1. What is streaming and why does it matter?
Hello hello hello! Welcome to Streaming Data with Amazon Kinesis and AWS Lambda!
My name is Maksim Pecherskiy.
In this class, we're taking a step up from AWS basics and working with real-time data. We will dive into these concepts using (almost) real-life examples from my work in City government.
Ready? Let's stream away!
2. Batch vs stream
There are two main ways of working with data - batch or stream. Neither is better or worse - they're just different tools for different jobs. A data engineer understands the business need and finds the right solution.
3. Batch vs stream
They key difference between batch and stream architectures is when you need to use the data.
Batch is excellent for larger data and complex analysis, but the data can be a bit older - hours or days.

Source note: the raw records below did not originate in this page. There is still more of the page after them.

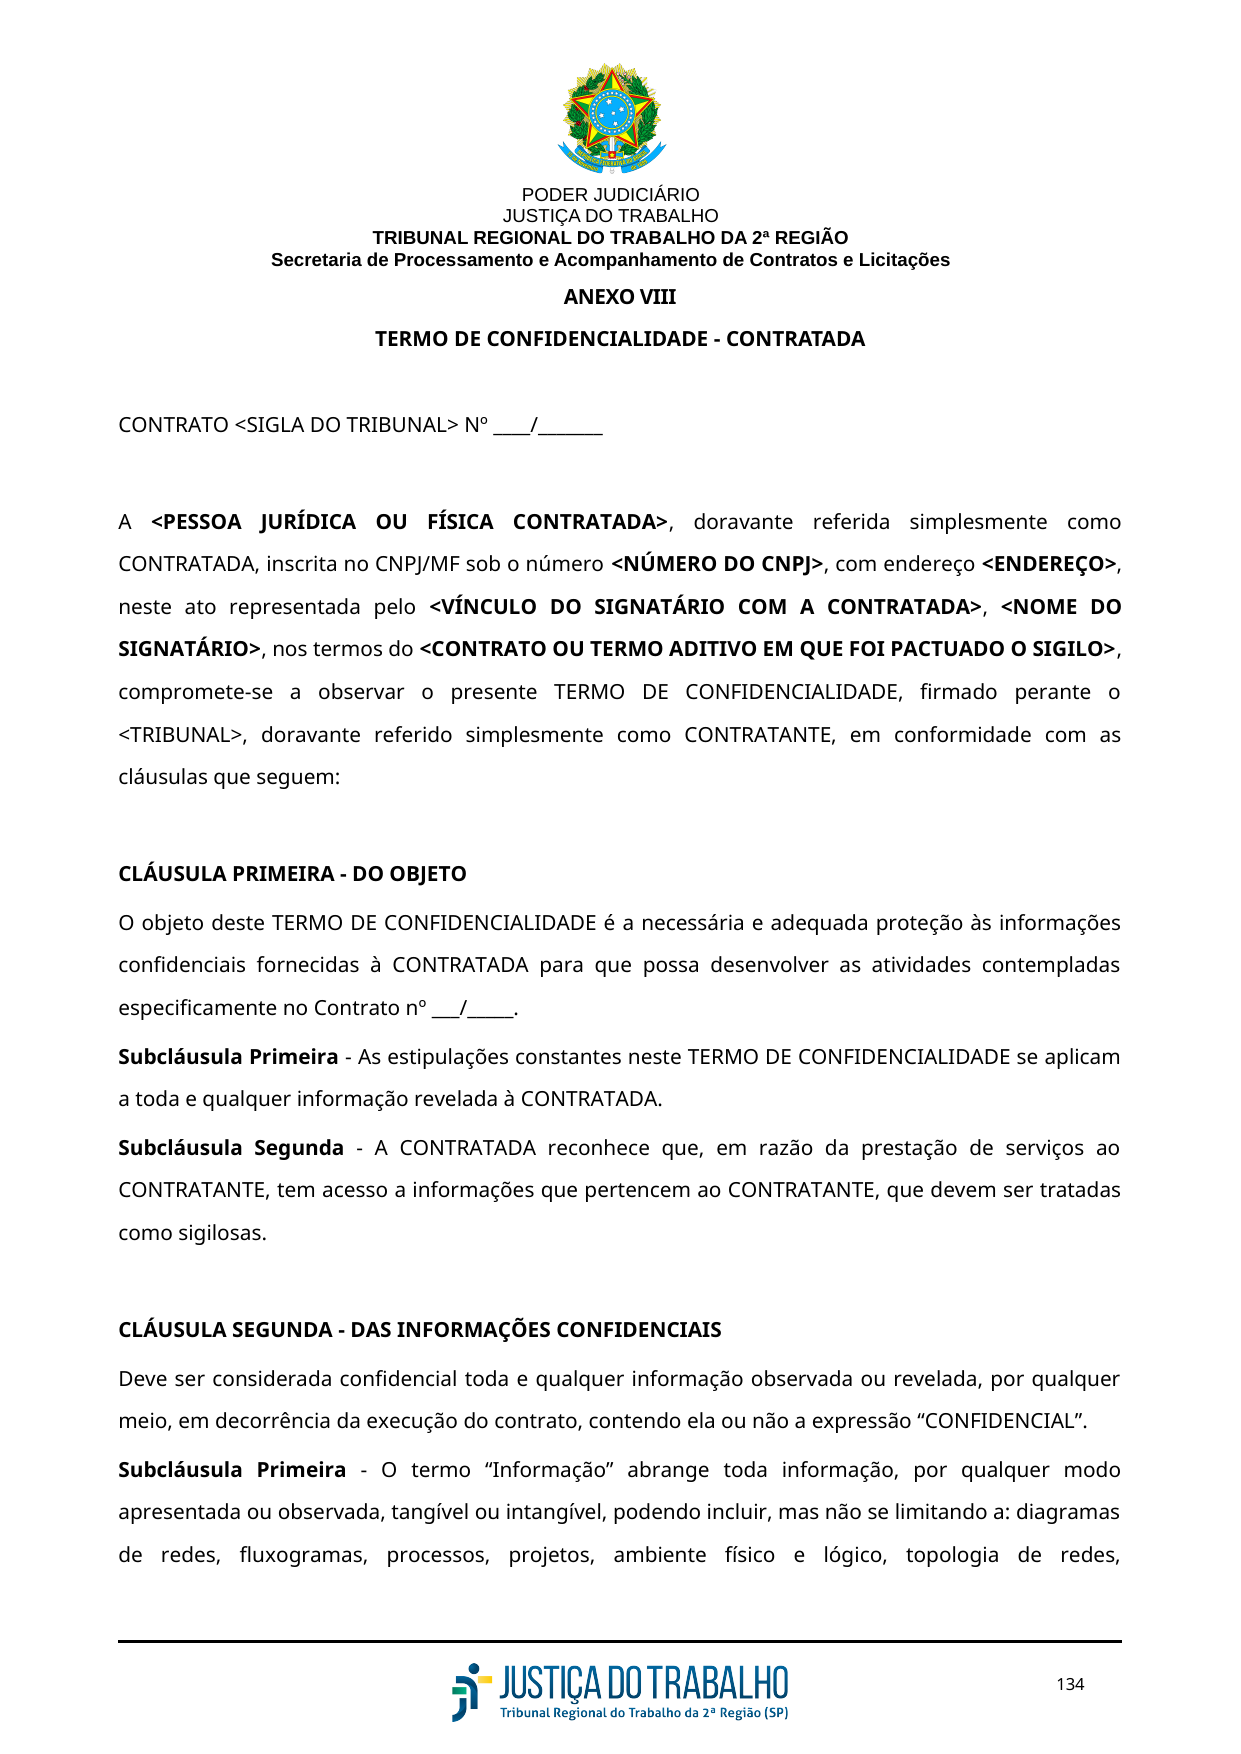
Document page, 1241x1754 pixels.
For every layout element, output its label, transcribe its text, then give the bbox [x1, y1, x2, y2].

text ANEXO VIII [118, 282, 1122, 310]
list CONTRATO <SIGLA DO TRIBUNAL> Nº ____/_______ [118, 410, 1122, 438]
list Subcláusula Primeira - As estipulações constantes neste TERMO DE CONFIDENCIALIDADE se aplicam a toda e qualquer informação revelada à CONTRATADA. [118, 1042, 1122, 1113]
list O objeto deste TERMO DE CONFIDENCIALIDADE é a necessária e adequada proteção às informações confidenciais fornecidas à CONTRATADA para que possa desenvolver as atividades contempladas especificamente no Contrato nº ___/_____. [118, 908, 1122, 1022]
list TERMO DE CONFIDENCIALIDADE - CONTRATADA [118, 324, 1122, 353]
list A <PESSOA JURÍDICA OU FÍSICA CONTRATADA>, doravante referida simplesmente como CONTRATADA, inscrita no CNPJ/MF sob o número <NÚMERO DO CNPJ>, com endereço <ENDEREÇO>, neste ato representada pelo <VÍNCULO DO SIGNATÁRIO COM A CONTRATADA>, <NOME DO SIGNATÁRIO>, nos termos do <CONTRATO OU TERMO ADITIVO EM QUE FOI PACTUADO O SIGILO>, compromete-se a observar o presente TERMO DE CONFIDENCIALIDADE, firmado perante o <TRIBUNAL>, doravante referido simplesmente como CONTRATANTE, em conformidade com as cláusulas que seguem: [118, 507, 1122, 791]
list Subcláusula Primeira - O termo “Informação” abrange toda informação, por qualquer modo apresentada ou observada, tangível ou intangível, podendo incluir, mas não se limitando a: diagramas de redes, fluxogramas, processos, projetos, ambiente físico e lógico, topologia de redes, [118, 1455, 1122, 1568]
list Deve ser considerada confidencial toda e qualquer informação observada ou revelada, por qualquer meio, em decorrência da execução do contrato, contendo ela ou não a expressão “CONFIDENCIAL”. [118, 1364, 1122, 1435]
picture [452, 1663, 788, 1722]
list CLÁUSULA PRIMEIRA - DO OBJETO [118, 859, 1122, 888]
list CLÁUSULA SEGUNDA - DAS INFORMAÇÕES CONFIDENCIAIS [118, 1315, 1122, 1344]
list Subcláusula Segunda - A CONTRATADA reconhece que, em razão da prestação de serviços ao CONTRATANTE, tem acesso a informações que pertencem ao CONTRATANTE, que devem ser tratadas como sigilosas. [118, 1133, 1122, 1247]

Making a daily sales report, projecting next month's performance, or finding customers at risk of leaving are examples.
Streaming is better for simpler analysis on each record or a fairly short time window. The data moves fast - seconds or miliseconds. Cases like fraud detection, monitoring wind turbines or sending alerts in real-time are a fit.
4. Cody and the fleet
We will be helping Cody, the Sustainability Manager for the City of San Diego. As the city's Data Engineer, you will be helping Cody decrease emissions and accidents using the internet of things or IOT.

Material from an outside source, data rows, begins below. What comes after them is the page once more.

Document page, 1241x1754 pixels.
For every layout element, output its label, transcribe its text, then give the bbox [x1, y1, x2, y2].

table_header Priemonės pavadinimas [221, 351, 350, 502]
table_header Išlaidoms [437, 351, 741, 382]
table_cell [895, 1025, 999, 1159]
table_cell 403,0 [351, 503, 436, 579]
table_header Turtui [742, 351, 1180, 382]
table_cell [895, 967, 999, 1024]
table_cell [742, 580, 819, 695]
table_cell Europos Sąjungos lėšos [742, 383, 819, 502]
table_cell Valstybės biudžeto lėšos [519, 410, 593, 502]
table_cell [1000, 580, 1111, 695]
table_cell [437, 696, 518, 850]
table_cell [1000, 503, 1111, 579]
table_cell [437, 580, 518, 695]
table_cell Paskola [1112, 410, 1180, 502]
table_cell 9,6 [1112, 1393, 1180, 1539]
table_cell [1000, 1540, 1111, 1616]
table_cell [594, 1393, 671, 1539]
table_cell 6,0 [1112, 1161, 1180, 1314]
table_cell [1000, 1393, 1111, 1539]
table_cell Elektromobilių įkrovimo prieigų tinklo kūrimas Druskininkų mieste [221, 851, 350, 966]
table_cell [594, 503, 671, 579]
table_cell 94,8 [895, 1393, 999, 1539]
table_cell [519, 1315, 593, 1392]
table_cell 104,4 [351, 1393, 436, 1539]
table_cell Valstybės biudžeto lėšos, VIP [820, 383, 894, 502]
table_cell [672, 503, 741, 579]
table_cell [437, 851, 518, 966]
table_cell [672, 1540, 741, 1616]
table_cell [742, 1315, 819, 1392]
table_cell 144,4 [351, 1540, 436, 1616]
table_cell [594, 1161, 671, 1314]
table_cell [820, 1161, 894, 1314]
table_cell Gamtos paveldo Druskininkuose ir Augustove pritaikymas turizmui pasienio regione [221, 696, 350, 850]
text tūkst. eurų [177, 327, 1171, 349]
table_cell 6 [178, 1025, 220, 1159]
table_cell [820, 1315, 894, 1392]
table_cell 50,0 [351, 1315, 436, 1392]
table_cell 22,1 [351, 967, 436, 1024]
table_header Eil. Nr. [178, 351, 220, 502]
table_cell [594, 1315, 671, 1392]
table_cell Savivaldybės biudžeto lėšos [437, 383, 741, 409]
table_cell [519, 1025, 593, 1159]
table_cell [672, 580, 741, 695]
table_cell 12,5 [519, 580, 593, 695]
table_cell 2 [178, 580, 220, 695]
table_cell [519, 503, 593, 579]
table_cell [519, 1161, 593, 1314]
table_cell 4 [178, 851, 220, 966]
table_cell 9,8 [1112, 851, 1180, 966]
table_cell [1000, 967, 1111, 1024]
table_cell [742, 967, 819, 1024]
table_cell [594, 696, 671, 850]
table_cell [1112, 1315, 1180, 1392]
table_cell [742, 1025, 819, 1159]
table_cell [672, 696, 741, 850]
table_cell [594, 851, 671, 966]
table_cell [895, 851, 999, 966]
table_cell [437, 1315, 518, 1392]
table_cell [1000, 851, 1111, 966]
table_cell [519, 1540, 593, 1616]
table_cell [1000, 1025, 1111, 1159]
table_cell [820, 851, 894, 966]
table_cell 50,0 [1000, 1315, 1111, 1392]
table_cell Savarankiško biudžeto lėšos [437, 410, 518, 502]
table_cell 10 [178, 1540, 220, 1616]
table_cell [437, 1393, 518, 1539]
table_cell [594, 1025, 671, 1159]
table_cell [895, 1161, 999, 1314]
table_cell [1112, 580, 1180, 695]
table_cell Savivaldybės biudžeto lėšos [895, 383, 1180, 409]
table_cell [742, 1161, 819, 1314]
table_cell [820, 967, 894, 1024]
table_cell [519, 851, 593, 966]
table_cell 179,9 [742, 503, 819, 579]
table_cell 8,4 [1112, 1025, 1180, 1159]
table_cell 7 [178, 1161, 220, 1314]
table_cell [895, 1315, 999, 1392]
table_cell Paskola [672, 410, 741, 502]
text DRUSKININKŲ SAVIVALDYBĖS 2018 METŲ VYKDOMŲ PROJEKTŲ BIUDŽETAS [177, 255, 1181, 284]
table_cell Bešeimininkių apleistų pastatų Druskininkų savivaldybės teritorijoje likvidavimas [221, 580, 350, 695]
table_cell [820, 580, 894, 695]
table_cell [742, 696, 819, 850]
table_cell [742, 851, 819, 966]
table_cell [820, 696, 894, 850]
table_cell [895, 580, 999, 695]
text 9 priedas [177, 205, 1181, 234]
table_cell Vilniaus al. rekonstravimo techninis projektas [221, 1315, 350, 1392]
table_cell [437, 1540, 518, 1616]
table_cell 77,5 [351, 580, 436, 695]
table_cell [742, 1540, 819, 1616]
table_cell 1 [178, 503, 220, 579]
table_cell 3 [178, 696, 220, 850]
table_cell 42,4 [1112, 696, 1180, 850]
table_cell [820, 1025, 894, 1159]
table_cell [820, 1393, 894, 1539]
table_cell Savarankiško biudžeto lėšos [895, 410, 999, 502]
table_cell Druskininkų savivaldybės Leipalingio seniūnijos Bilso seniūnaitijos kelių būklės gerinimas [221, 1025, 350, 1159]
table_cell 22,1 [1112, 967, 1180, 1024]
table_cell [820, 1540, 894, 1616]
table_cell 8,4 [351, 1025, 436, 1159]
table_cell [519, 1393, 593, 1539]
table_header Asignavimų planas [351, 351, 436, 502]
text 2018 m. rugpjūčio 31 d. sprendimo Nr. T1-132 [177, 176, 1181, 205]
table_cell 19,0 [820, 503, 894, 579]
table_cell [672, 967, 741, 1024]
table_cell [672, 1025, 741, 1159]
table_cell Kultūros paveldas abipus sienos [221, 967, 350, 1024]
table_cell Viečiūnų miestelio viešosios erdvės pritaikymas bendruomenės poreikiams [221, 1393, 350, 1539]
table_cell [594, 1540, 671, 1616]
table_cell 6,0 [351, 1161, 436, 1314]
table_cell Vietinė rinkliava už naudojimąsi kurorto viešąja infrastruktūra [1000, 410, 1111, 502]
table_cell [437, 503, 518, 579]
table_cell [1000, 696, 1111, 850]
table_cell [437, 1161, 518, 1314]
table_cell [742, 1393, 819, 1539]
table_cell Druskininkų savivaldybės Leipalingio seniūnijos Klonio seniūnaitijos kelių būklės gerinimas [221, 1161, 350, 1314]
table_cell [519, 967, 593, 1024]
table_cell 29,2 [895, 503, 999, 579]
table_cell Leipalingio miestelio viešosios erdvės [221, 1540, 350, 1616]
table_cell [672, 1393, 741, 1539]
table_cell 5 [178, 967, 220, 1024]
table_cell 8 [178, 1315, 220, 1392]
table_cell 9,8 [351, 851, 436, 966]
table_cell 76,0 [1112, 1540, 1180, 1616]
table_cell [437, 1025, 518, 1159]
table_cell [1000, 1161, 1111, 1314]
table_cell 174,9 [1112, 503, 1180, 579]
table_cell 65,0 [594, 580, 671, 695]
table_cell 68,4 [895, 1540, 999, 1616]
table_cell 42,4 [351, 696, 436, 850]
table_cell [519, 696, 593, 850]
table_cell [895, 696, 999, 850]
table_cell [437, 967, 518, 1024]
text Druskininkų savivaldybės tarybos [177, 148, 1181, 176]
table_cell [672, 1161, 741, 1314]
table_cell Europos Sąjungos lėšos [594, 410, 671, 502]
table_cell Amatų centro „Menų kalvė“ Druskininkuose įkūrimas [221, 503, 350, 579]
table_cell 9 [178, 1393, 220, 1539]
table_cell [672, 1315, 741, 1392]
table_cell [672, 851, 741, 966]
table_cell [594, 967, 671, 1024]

She wants to put a sensor in each vehicle that will transmit emissions, time and speed for that vehicle. This is known as vehicle telematics, a common streaming data use case.
5. Telematics streaming
You will use Amazon Kinesis for ingesting data from vehicle on-board devices. Next, you will combine it with AWS Lambda Functions for processing that data.
You will also use S3, IAM and SNS from the previous class.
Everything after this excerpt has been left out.